TASK INPUT =>
__________________________________________________
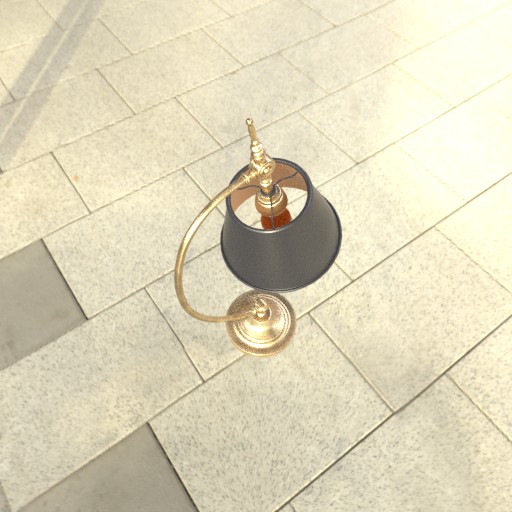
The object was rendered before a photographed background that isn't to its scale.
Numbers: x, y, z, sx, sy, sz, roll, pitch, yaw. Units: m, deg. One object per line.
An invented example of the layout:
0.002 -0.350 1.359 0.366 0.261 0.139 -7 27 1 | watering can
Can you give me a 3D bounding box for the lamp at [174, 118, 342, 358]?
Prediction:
0.000 0.000 0.845 0.344 0.675 0.235 -34 64 -19 | lamp
__________________________________________________
YOUR INSTRUCTIONS => Everything from the line containing "An invented example" through the final line of the listing, inclusive, must be reproduced exactly; leave out the rest.

EXERCISE OUTPUT =>
An invented example of the layout:
0.002 -0.350 1.359 0.366 0.261 0.139 -7 27 1 | watering can
Can you give me a 3D bounding box for the lamp at [174, 118, 342, 358]?
Prediction:
0.000 0.000 0.845 0.344 0.675 0.235 -34 64 -19 | lamp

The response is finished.